> **What is needed**: After counting the lines below that hold the word "left", reply with the count and nothing else.

> **Data for processing**:

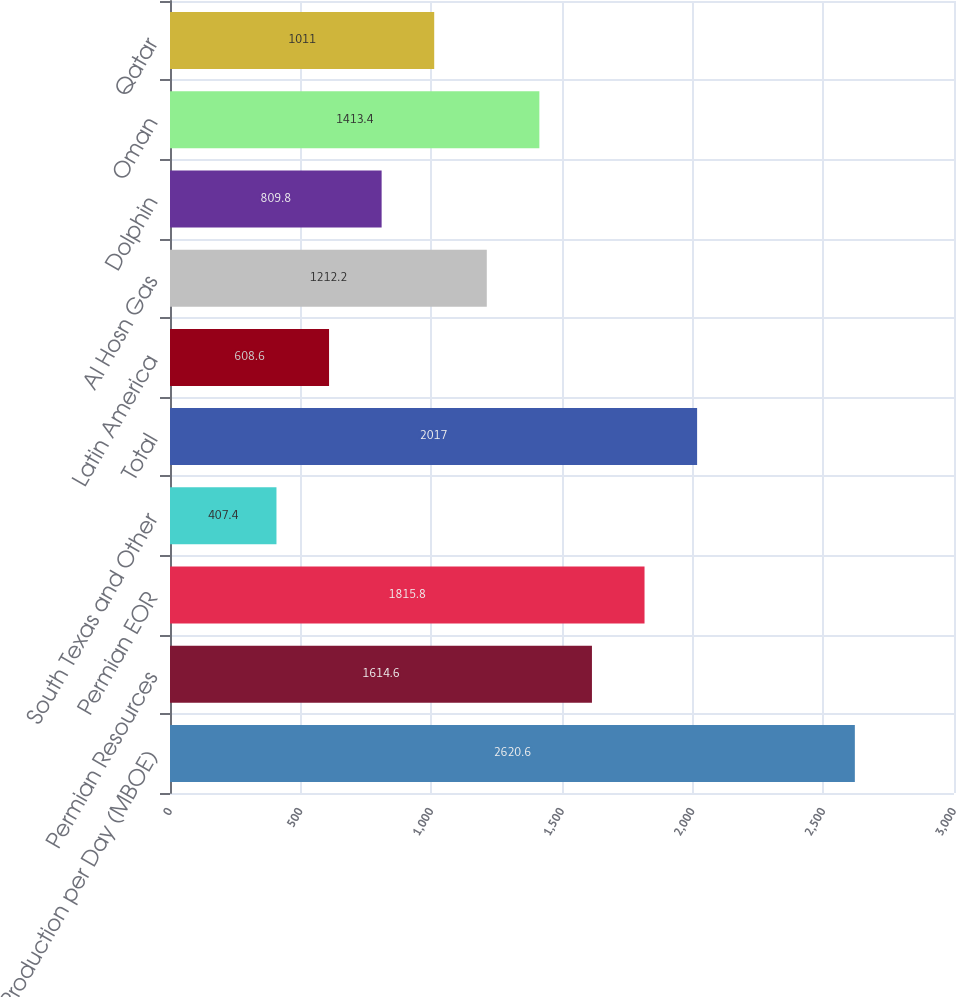Convert chart to OTSL. <chart><loc_0><loc_0><loc_500><loc_500><bar_chart><fcel>Production per Day (MBOE)<fcel>Permian Resources<fcel>Permian EOR<fcel>South Texas and Other<fcel>Total<fcel>Latin America<fcel>Al Hosn Gas<fcel>Dolphin<fcel>Oman<fcel>Qatar<nl><fcel>2620.6<fcel>1614.6<fcel>1815.8<fcel>407.4<fcel>2017<fcel>608.6<fcel>1212.2<fcel>809.8<fcel>1413.4<fcel>1011<nl></chart> 
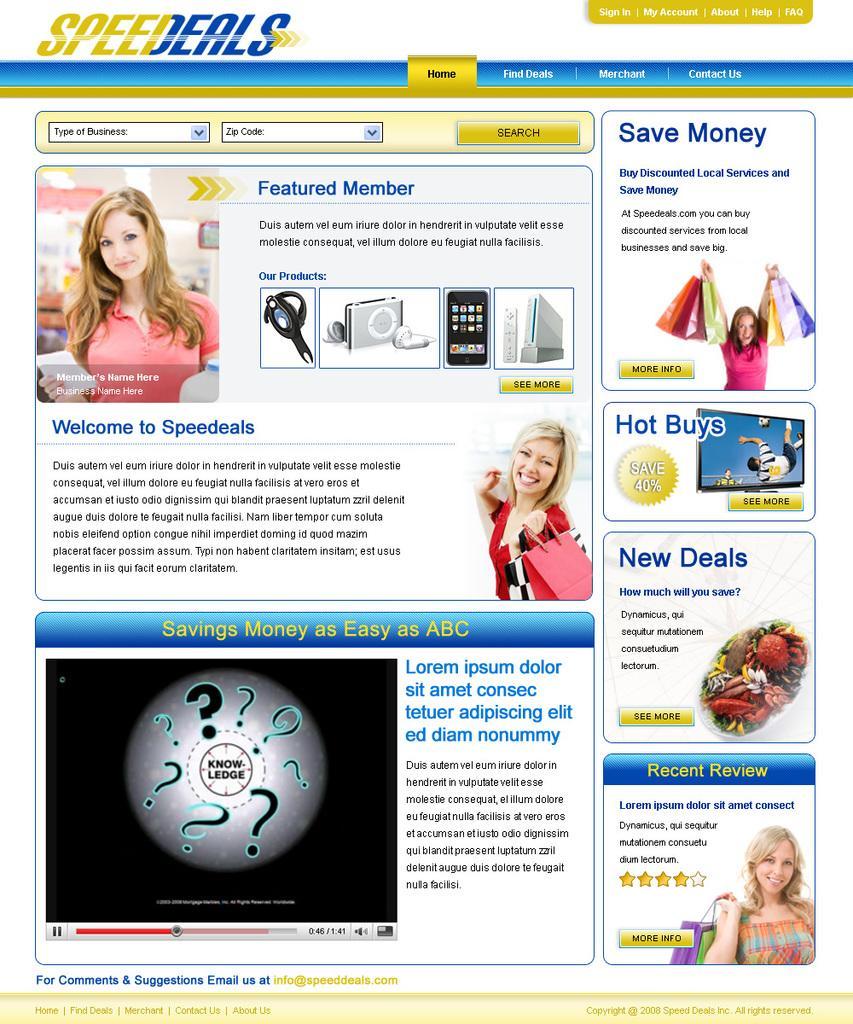In one or two sentences, can you explain what this image depicts? In the center of the image we can see an advertisement. 
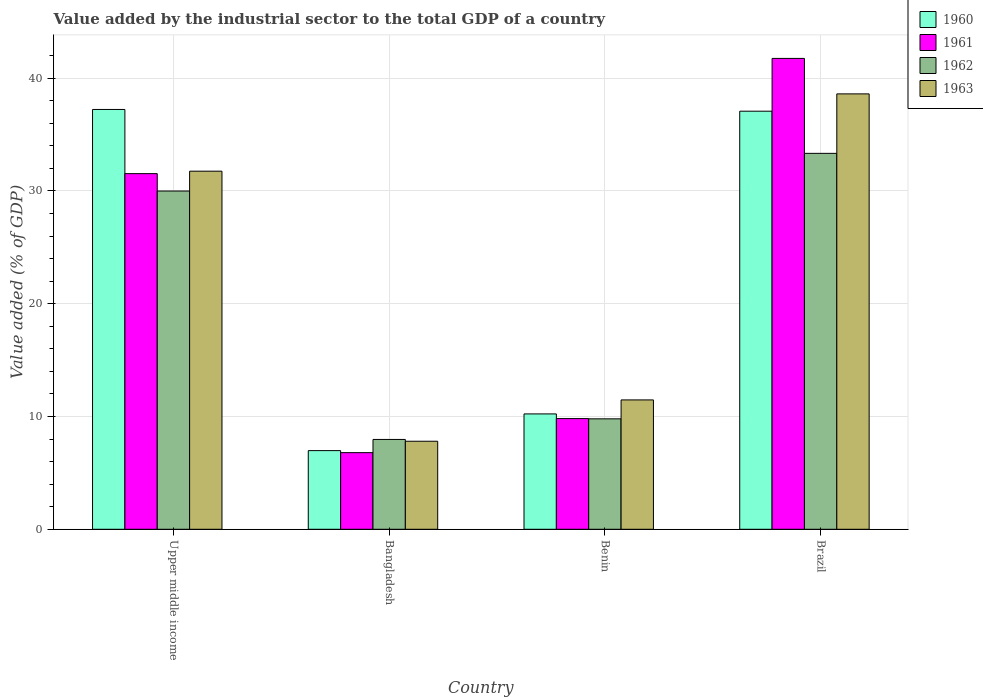How many different coloured bars are there?
Offer a terse response. 4. Are the number of bars per tick equal to the number of legend labels?
Keep it short and to the point. Yes. Are the number of bars on each tick of the X-axis equal?
Give a very brief answer. Yes. How many bars are there on the 1st tick from the left?
Your response must be concise. 4. How many bars are there on the 1st tick from the right?
Ensure brevity in your answer.  4. What is the label of the 3rd group of bars from the left?
Give a very brief answer. Benin. What is the value added by the industrial sector to the total GDP in 1961 in Bangladesh?
Provide a succinct answer. 6.79. Across all countries, what is the maximum value added by the industrial sector to the total GDP in 1960?
Offer a terse response. 37.22. Across all countries, what is the minimum value added by the industrial sector to the total GDP in 1960?
Your answer should be compact. 6.97. In which country was the value added by the industrial sector to the total GDP in 1962 maximum?
Make the answer very short. Brazil. In which country was the value added by the industrial sector to the total GDP in 1963 minimum?
Offer a very short reply. Bangladesh. What is the total value added by the industrial sector to the total GDP in 1962 in the graph?
Keep it short and to the point. 81.07. What is the difference between the value added by the industrial sector to the total GDP in 1961 in Benin and that in Upper middle income?
Provide a succinct answer. -21.72. What is the difference between the value added by the industrial sector to the total GDP in 1963 in Bangladesh and the value added by the industrial sector to the total GDP in 1962 in Upper middle income?
Keep it short and to the point. -22.18. What is the average value added by the industrial sector to the total GDP in 1960 per country?
Ensure brevity in your answer.  22.87. What is the difference between the value added by the industrial sector to the total GDP of/in 1961 and value added by the industrial sector to the total GDP of/in 1960 in Upper middle income?
Provide a succinct answer. -5.69. What is the ratio of the value added by the industrial sector to the total GDP in 1963 in Benin to that in Upper middle income?
Provide a short and direct response. 0.36. Is the value added by the industrial sector to the total GDP in 1963 in Brazil less than that in Upper middle income?
Provide a succinct answer. No. What is the difference between the highest and the second highest value added by the industrial sector to the total GDP in 1961?
Your answer should be compact. 31.93. What is the difference between the highest and the lowest value added by the industrial sector to the total GDP in 1961?
Give a very brief answer. 34.95. Is the sum of the value added by the industrial sector to the total GDP in 1963 in Bangladesh and Benin greater than the maximum value added by the industrial sector to the total GDP in 1960 across all countries?
Provide a succinct answer. No. How many bars are there?
Ensure brevity in your answer.  16. How many countries are there in the graph?
Provide a short and direct response. 4. Does the graph contain any zero values?
Ensure brevity in your answer.  No. Where does the legend appear in the graph?
Your answer should be compact. Top right. How are the legend labels stacked?
Keep it short and to the point. Vertical. What is the title of the graph?
Ensure brevity in your answer.  Value added by the industrial sector to the total GDP of a country. Does "2006" appear as one of the legend labels in the graph?
Keep it short and to the point. No. What is the label or title of the Y-axis?
Your response must be concise. Value added (% of GDP). What is the Value added (% of GDP) in 1960 in Upper middle income?
Your answer should be very brief. 37.22. What is the Value added (% of GDP) of 1961 in Upper middle income?
Make the answer very short. 31.53. What is the Value added (% of GDP) of 1962 in Upper middle income?
Offer a very short reply. 29.99. What is the Value added (% of GDP) in 1963 in Upper middle income?
Keep it short and to the point. 31.75. What is the Value added (% of GDP) of 1960 in Bangladesh?
Make the answer very short. 6.97. What is the Value added (% of GDP) of 1961 in Bangladesh?
Your answer should be very brief. 6.79. What is the Value added (% of GDP) in 1962 in Bangladesh?
Make the answer very short. 7.96. What is the Value added (% of GDP) of 1963 in Bangladesh?
Keep it short and to the point. 7.8. What is the Value added (% of GDP) in 1960 in Benin?
Provide a short and direct response. 10.23. What is the Value added (% of GDP) of 1961 in Benin?
Offer a very short reply. 9.81. What is the Value added (% of GDP) of 1962 in Benin?
Keep it short and to the point. 9.79. What is the Value added (% of GDP) of 1963 in Benin?
Your answer should be very brief. 11.47. What is the Value added (% of GDP) of 1960 in Brazil?
Offer a very short reply. 37.07. What is the Value added (% of GDP) of 1961 in Brazil?
Keep it short and to the point. 41.75. What is the Value added (% of GDP) of 1962 in Brazil?
Ensure brevity in your answer.  33.33. What is the Value added (% of GDP) of 1963 in Brazil?
Your answer should be very brief. 38.6. Across all countries, what is the maximum Value added (% of GDP) of 1960?
Give a very brief answer. 37.22. Across all countries, what is the maximum Value added (% of GDP) in 1961?
Keep it short and to the point. 41.75. Across all countries, what is the maximum Value added (% of GDP) in 1962?
Ensure brevity in your answer.  33.33. Across all countries, what is the maximum Value added (% of GDP) in 1963?
Make the answer very short. 38.6. Across all countries, what is the minimum Value added (% of GDP) of 1960?
Offer a very short reply. 6.97. Across all countries, what is the minimum Value added (% of GDP) in 1961?
Your response must be concise. 6.79. Across all countries, what is the minimum Value added (% of GDP) in 1962?
Make the answer very short. 7.96. Across all countries, what is the minimum Value added (% of GDP) in 1963?
Your answer should be very brief. 7.8. What is the total Value added (% of GDP) of 1960 in the graph?
Keep it short and to the point. 91.49. What is the total Value added (% of GDP) in 1961 in the graph?
Keep it short and to the point. 89.88. What is the total Value added (% of GDP) in 1962 in the graph?
Your answer should be compact. 81.07. What is the total Value added (% of GDP) in 1963 in the graph?
Offer a very short reply. 89.62. What is the difference between the Value added (% of GDP) in 1960 in Upper middle income and that in Bangladesh?
Your answer should be compact. 30.25. What is the difference between the Value added (% of GDP) in 1961 in Upper middle income and that in Bangladesh?
Offer a very short reply. 24.74. What is the difference between the Value added (% of GDP) in 1962 in Upper middle income and that in Bangladesh?
Offer a very short reply. 22.02. What is the difference between the Value added (% of GDP) in 1963 in Upper middle income and that in Bangladesh?
Offer a very short reply. 23.94. What is the difference between the Value added (% of GDP) in 1960 in Upper middle income and that in Benin?
Ensure brevity in your answer.  26.99. What is the difference between the Value added (% of GDP) of 1961 in Upper middle income and that in Benin?
Provide a short and direct response. 21.72. What is the difference between the Value added (% of GDP) of 1962 in Upper middle income and that in Benin?
Provide a succinct answer. 20.2. What is the difference between the Value added (% of GDP) in 1963 in Upper middle income and that in Benin?
Provide a short and direct response. 20.28. What is the difference between the Value added (% of GDP) of 1960 in Upper middle income and that in Brazil?
Your answer should be compact. 0.15. What is the difference between the Value added (% of GDP) of 1961 in Upper middle income and that in Brazil?
Your answer should be compact. -10.21. What is the difference between the Value added (% of GDP) of 1962 in Upper middle income and that in Brazil?
Make the answer very short. -3.34. What is the difference between the Value added (% of GDP) of 1963 in Upper middle income and that in Brazil?
Provide a succinct answer. -6.85. What is the difference between the Value added (% of GDP) of 1960 in Bangladesh and that in Benin?
Keep it short and to the point. -3.25. What is the difference between the Value added (% of GDP) of 1961 in Bangladesh and that in Benin?
Provide a short and direct response. -3.02. What is the difference between the Value added (% of GDP) in 1962 in Bangladesh and that in Benin?
Your answer should be very brief. -1.83. What is the difference between the Value added (% of GDP) of 1963 in Bangladesh and that in Benin?
Your answer should be very brief. -3.66. What is the difference between the Value added (% of GDP) of 1960 in Bangladesh and that in Brazil?
Make the answer very short. -30.09. What is the difference between the Value added (% of GDP) in 1961 in Bangladesh and that in Brazil?
Keep it short and to the point. -34.95. What is the difference between the Value added (% of GDP) of 1962 in Bangladesh and that in Brazil?
Offer a terse response. -25.37. What is the difference between the Value added (% of GDP) in 1963 in Bangladesh and that in Brazil?
Make the answer very short. -30.8. What is the difference between the Value added (% of GDP) in 1960 in Benin and that in Brazil?
Give a very brief answer. -26.84. What is the difference between the Value added (% of GDP) of 1961 in Benin and that in Brazil?
Offer a very short reply. -31.93. What is the difference between the Value added (% of GDP) of 1962 in Benin and that in Brazil?
Keep it short and to the point. -23.54. What is the difference between the Value added (% of GDP) in 1963 in Benin and that in Brazil?
Your answer should be compact. -27.13. What is the difference between the Value added (% of GDP) of 1960 in Upper middle income and the Value added (% of GDP) of 1961 in Bangladesh?
Offer a terse response. 30.43. What is the difference between the Value added (% of GDP) in 1960 in Upper middle income and the Value added (% of GDP) in 1962 in Bangladesh?
Ensure brevity in your answer.  29.26. What is the difference between the Value added (% of GDP) of 1960 in Upper middle income and the Value added (% of GDP) of 1963 in Bangladesh?
Make the answer very short. 29.42. What is the difference between the Value added (% of GDP) in 1961 in Upper middle income and the Value added (% of GDP) in 1962 in Bangladesh?
Your answer should be very brief. 23.57. What is the difference between the Value added (% of GDP) in 1961 in Upper middle income and the Value added (% of GDP) in 1963 in Bangladesh?
Provide a succinct answer. 23.73. What is the difference between the Value added (% of GDP) of 1962 in Upper middle income and the Value added (% of GDP) of 1963 in Bangladesh?
Offer a terse response. 22.18. What is the difference between the Value added (% of GDP) in 1960 in Upper middle income and the Value added (% of GDP) in 1961 in Benin?
Keep it short and to the point. 27.41. What is the difference between the Value added (% of GDP) of 1960 in Upper middle income and the Value added (% of GDP) of 1962 in Benin?
Your answer should be very brief. 27.43. What is the difference between the Value added (% of GDP) of 1960 in Upper middle income and the Value added (% of GDP) of 1963 in Benin?
Your answer should be very brief. 25.75. What is the difference between the Value added (% of GDP) in 1961 in Upper middle income and the Value added (% of GDP) in 1962 in Benin?
Give a very brief answer. 21.74. What is the difference between the Value added (% of GDP) of 1961 in Upper middle income and the Value added (% of GDP) of 1963 in Benin?
Keep it short and to the point. 20.06. What is the difference between the Value added (% of GDP) in 1962 in Upper middle income and the Value added (% of GDP) in 1963 in Benin?
Your response must be concise. 18.52. What is the difference between the Value added (% of GDP) in 1960 in Upper middle income and the Value added (% of GDP) in 1961 in Brazil?
Offer a very short reply. -4.53. What is the difference between the Value added (% of GDP) in 1960 in Upper middle income and the Value added (% of GDP) in 1962 in Brazil?
Give a very brief answer. 3.89. What is the difference between the Value added (% of GDP) of 1960 in Upper middle income and the Value added (% of GDP) of 1963 in Brazil?
Provide a short and direct response. -1.38. What is the difference between the Value added (% of GDP) in 1961 in Upper middle income and the Value added (% of GDP) in 1962 in Brazil?
Your answer should be very brief. -1.8. What is the difference between the Value added (% of GDP) of 1961 in Upper middle income and the Value added (% of GDP) of 1963 in Brazil?
Your answer should be compact. -7.07. What is the difference between the Value added (% of GDP) of 1962 in Upper middle income and the Value added (% of GDP) of 1963 in Brazil?
Give a very brief answer. -8.61. What is the difference between the Value added (% of GDP) of 1960 in Bangladesh and the Value added (% of GDP) of 1961 in Benin?
Give a very brief answer. -2.84. What is the difference between the Value added (% of GDP) of 1960 in Bangladesh and the Value added (% of GDP) of 1962 in Benin?
Provide a short and direct response. -2.82. What is the difference between the Value added (% of GDP) in 1960 in Bangladesh and the Value added (% of GDP) in 1963 in Benin?
Provide a succinct answer. -4.5. What is the difference between the Value added (% of GDP) in 1961 in Bangladesh and the Value added (% of GDP) in 1962 in Benin?
Make the answer very short. -3. What is the difference between the Value added (% of GDP) in 1961 in Bangladesh and the Value added (% of GDP) in 1963 in Benin?
Provide a succinct answer. -4.68. What is the difference between the Value added (% of GDP) of 1962 in Bangladesh and the Value added (% of GDP) of 1963 in Benin?
Ensure brevity in your answer.  -3.51. What is the difference between the Value added (% of GDP) of 1960 in Bangladesh and the Value added (% of GDP) of 1961 in Brazil?
Provide a short and direct response. -34.77. What is the difference between the Value added (% of GDP) of 1960 in Bangladesh and the Value added (% of GDP) of 1962 in Brazil?
Your answer should be very brief. -26.36. What is the difference between the Value added (% of GDP) of 1960 in Bangladesh and the Value added (% of GDP) of 1963 in Brazil?
Your answer should be very brief. -31.63. What is the difference between the Value added (% of GDP) of 1961 in Bangladesh and the Value added (% of GDP) of 1962 in Brazil?
Give a very brief answer. -26.53. What is the difference between the Value added (% of GDP) in 1961 in Bangladesh and the Value added (% of GDP) in 1963 in Brazil?
Offer a very short reply. -31.81. What is the difference between the Value added (% of GDP) of 1962 in Bangladesh and the Value added (% of GDP) of 1963 in Brazil?
Your answer should be compact. -30.64. What is the difference between the Value added (% of GDP) in 1960 in Benin and the Value added (% of GDP) in 1961 in Brazil?
Make the answer very short. -31.52. What is the difference between the Value added (% of GDP) in 1960 in Benin and the Value added (% of GDP) in 1962 in Brazil?
Give a very brief answer. -23.1. What is the difference between the Value added (% of GDP) in 1960 in Benin and the Value added (% of GDP) in 1963 in Brazil?
Keep it short and to the point. -28.37. What is the difference between the Value added (% of GDP) in 1961 in Benin and the Value added (% of GDP) in 1962 in Brazil?
Your response must be concise. -23.52. What is the difference between the Value added (% of GDP) of 1961 in Benin and the Value added (% of GDP) of 1963 in Brazil?
Make the answer very short. -28.79. What is the difference between the Value added (% of GDP) in 1962 in Benin and the Value added (% of GDP) in 1963 in Brazil?
Make the answer very short. -28.81. What is the average Value added (% of GDP) of 1960 per country?
Offer a very short reply. 22.87. What is the average Value added (% of GDP) in 1961 per country?
Your response must be concise. 22.47. What is the average Value added (% of GDP) in 1962 per country?
Offer a very short reply. 20.27. What is the average Value added (% of GDP) of 1963 per country?
Your answer should be compact. 22.41. What is the difference between the Value added (% of GDP) in 1960 and Value added (% of GDP) in 1961 in Upper middle income?
Make the answer very short. 5.69. What is the difference between the Value added (% of GDP) in 1960 and Value added (% of GDP) in 1962 in Upper middle income?
Offer a very short reply. 7.23. What is the difference between the Value added (% of GDP) in 1960 and Value added (% of GDP) in 1963 in Upper middle income?
Ensure brevity in your answer.  5.47. What is the difference between the Value added (% of GDP) of 1961 and Value added (% of GDP) of 1962 in Upper middle income?
Give a very brief answer. 1.54. What is the difference between the Value added (% of GDP) in 1961 and Value added (% of GDP) in 1963 in Upper middle income?
Provide a succinct answer. -0.22. What is the difference between the Value added (% of GDP) in 1962 and Value added (% of GDP) in 1963 in Upper middle income?
Provide a succinct answer. -1.76. What is the difference between the Value added (% of GDP) of 1960 and Value added (% of GDP) of 1961 in Bangladesh?
Make the answer very short. 0.18. What is the difference between the Value added (% of GDP) of 1960 and Value added (% of GDP) of 1962 in Bangladesh?
Give a very brief answer. -0.99. What is the difference between the Value added (% of GDP) in 1960 and Value added (% of GDP) in 1963 in Bangladesh?
Give a very brief answer. -0.83. What is the difference between the Value added (% of GDP) in 1961 and Value added (% of GDP) in 1962 in Bangladesh?
Give a very brief answer. -1.17. What is the difference between the Value added (% of GDP) of 1961 and Value added (% of GDP) of 1963 in Bangladesh?
Your answer should be compact. -1.01. What is the difference between the Value added (% of GDP) in 1962 and Value added (% of GDP) in 1963 in Bangladesh?
Your answer should be compact. 0.16. What is the difference between the Value added (% of GDP) in 1960 and Value added (% of GDP) in 1961 in Benin?
Your answer should be compact. 0.41. What is the difference between the Value added (% of GDP) in 1960 and Value added (% of GDP) in 1962 in Benin?
Keep it short and to the point. 0.44. What is the difference between the Value added (% of GDP) in 1960 and Value added (% of GDP) in 1963 in Benin?
Give a very brief answer. -1.24. What is the difference between the Value added (% of GDP) of 1961 and Value added (% of GDP) of 1962 in Benin?
Your answer should be very brief. 0.02. What is the difference between the Value added (% of GDP) of 1961 and Value added (% of GDP) of 1963 in Benin?
Provide a succinct answer. -1.66. What is the difference between the Value added (% of GDP) in 1962 and Value added (% of GDP) in 1963 in Benin?
Offer a terse response. -1.68. What is the difference between the Value added (% of GDP) of 1960 and Value added (% of GDP) of 1961 in Brazil?
Provide a short and direct response. -4.68. What is the difference between the Value added (% of GDP) of 1960 and Value added (% of GDP) of 1962 in Brazil?
Provide a short and direct response. 3.74. What is the difference between the Value added (% of GDP) in 1960 and Value added (% of GDP) in 1963 in Brazil?
Your answer should be compact. -1.53. What is the difference between the Value added (% of GDP) of 1961 and Value added (% of GDP) of 1962 in Brazil?
Ensure brevity in your answer.  8.42. What is the difference between the Value added (% of GDP) in 1961 and Value added (% of GDP) in 1963 in Brazil?
Ensure brevity in your answer.  3.14. What is the difference between the Value added (% of GDP) of 1962 and Value added (% of GDP) of 1963 in Brazil?
Make the answer very short. -5.27. What is the ratio of the Value added (% of GDP) in 1960 in Upper middle income to that in Bangladesh?
Provide a short and direct response. 5.34. What is the ratio of the Value added (% of GDP) of 1961 in Upper middle income to that in Bangladesh?
Your answer should be very brief. 4.64. What is the ratio of the Value added (% of GDP) in 1962 in Upper middle income to that in Bangladesh?
Keep it short and to the point. 3.77. What is the ratio of the Value added (% of GDP) in 1963 in Upper middle income to that in Bangladesh?
Provide a short and direct response. 4.07. What is the ratio of the Value added (% of GDP) of 1960 in Upper middle income to that in Benin?
Offer a terse response. 3.64. What is the ratio of the Value added (% of GDP) of 1961 in Upper middle income to that in Benin?
Offer a very short reply. 3.21. What is the ratio of the Value added (% of GDP) of 1962 in Upper middle income to that in Benin?
Keep it short and to the point. 3.06. What is the ratio of the Value added (% of GDP) of 1963 in Upper middle income to that in Benin?
Keep it short and to the point. 2.77. What is the ratio of the Value added (% of GDP) of 1961 in Upper middle income to that in Brazil?
Your response must be concise. 0.76. What is the ratio of the Value added (% of GDP) of 1962 in Upper middle income to that in Brazil?
Provide a succinct answer. 0.9. What is the ratio of the Value added (% of GDP) of 1963 in Upper middle income to that in Brazil?
Your response must be concise. 0.82. What is the ratio of the Value added (% of GDP) in 1960 in Bangladesh to that in Benin?
Give a very brief answer. 0.68. What is the ratio of the Value added (% of GDP) in 1961 in Bangladesh to that in Benin?
Provide a succinct answer. 0.69. What is the ratio of the Value added (% of GDP) in 1962 in Bangladesh to that in Benin?
Offer a terse response. 0.81. What is the ratio of the Value added (% of GDP) in 1963 in Bangladesh to that in Benin?
Make the answer very short. 0.68. What is the ratio of the Value added (% of GDP) in 1960 in Bangladesh to that in Brazil?
Make the answer very short. 0.19. What is the ratio of the Value added (% of GDP) of 1961 in Bangladesh to that in Brazil?
Offer a terse response. 0.16. What is the ratio of the Value added (% of GDP) in 1962 in Bangladesh to that in Brazil?
Provide a succinct answer. 0.24. What is the ratio of the Value added (% of GDP) in 1963 in Bangladesh to that in Brazil?
Your answer should be very brief. 0.2. What is the ratio of the Value added (% of GDP) of 1960 in Benin to that in Brazil?
Your answer should be very brief. 0.28. What is the ratio of the Value added (% of GDP) of 1961 in Benin to that in Brazil?
Keep it short and to the point. 0.24. What is the ratio of the Value added (% of GDP) in 1962 in Benin to that in Brazil?
Make the answer very short. 0.29. What is the ratio of the Value added (% of GDP) of 1963 in Benin to that in Brazil?
Your answer should be very brief. 0.3. What is the difference between the highest and the second highest Value added (% of GDP) in 1960?
Give a very brief answer. 0.15. What is the difference between the highest and the second highest Value added (% of GDP) in 1961?
Your response must be concise. 10.21. What is the difference between the highest and the second highest Value added (% of GDP) in 1962?
Provide a succinct answer. 3.34. What is the difference between the highest and the second highest Value added (% of GDP) of 1963?
Keep it short and to the point. 6.85. What is the difference between the highest and the lowest Value added (% of GDP) in 1960?
Provide a succinct answer. 30.25. What is the difference between the highest and the lowest Value added (% of GDP) in 1961?
Keep it short and to the point. 34.95. What is the difference between the highest and the lowest Value added (% of GDP) in 1962?
Your response must be concise. 25.37. What is the difference between the highest and the lowest Value added (% of GDP) in 1963?
Give a very brief answer. 30.8.

> **Written answer**: 2